Work through the records below and copy every line that includes "view".

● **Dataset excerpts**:
╭──

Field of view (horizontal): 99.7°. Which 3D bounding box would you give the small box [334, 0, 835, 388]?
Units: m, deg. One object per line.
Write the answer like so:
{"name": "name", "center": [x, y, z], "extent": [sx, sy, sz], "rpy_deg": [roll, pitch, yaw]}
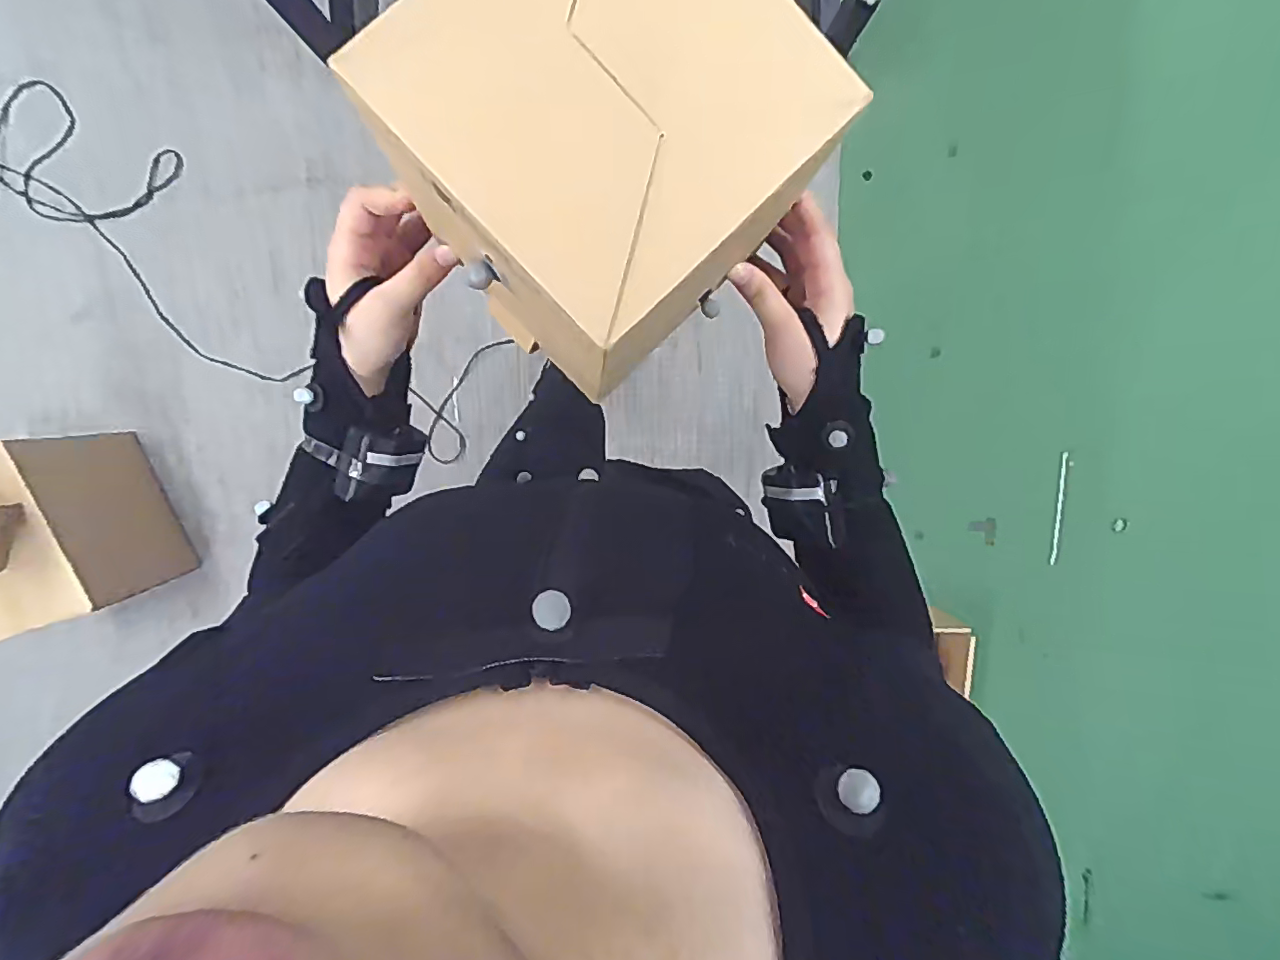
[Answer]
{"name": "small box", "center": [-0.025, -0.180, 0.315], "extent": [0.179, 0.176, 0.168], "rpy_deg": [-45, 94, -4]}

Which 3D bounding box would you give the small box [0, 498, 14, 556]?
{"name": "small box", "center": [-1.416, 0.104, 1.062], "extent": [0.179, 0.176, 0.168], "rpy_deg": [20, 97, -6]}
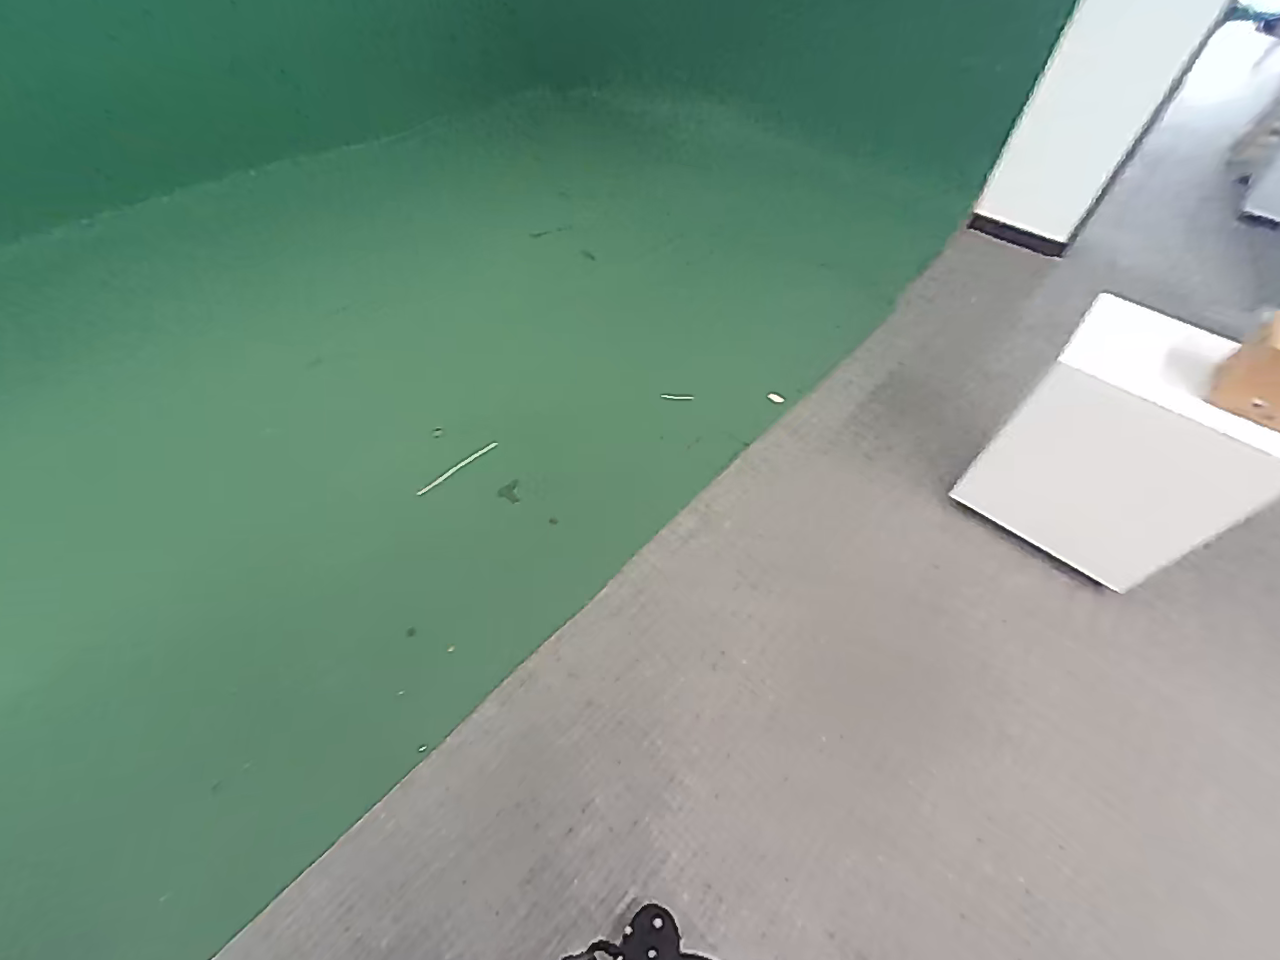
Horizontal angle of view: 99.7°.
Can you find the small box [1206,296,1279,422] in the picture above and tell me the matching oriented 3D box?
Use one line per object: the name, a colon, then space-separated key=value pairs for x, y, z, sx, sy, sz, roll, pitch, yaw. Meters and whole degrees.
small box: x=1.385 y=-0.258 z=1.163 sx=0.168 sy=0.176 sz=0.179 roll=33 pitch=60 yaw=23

╰──
╭──

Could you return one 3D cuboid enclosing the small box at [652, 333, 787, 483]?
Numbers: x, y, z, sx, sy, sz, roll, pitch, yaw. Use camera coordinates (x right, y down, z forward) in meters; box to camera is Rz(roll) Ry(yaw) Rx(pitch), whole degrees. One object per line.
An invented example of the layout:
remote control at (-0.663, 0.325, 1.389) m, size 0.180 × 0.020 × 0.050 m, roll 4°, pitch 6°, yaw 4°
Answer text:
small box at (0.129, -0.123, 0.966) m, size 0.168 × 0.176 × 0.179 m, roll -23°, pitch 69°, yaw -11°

╰──

● **Response box**:
Field of view (horizontal): 99.7°. Which 3D bounding box would you give the small box [334, 0, 835, 388]?
Horizontal angle of view: 99.7°.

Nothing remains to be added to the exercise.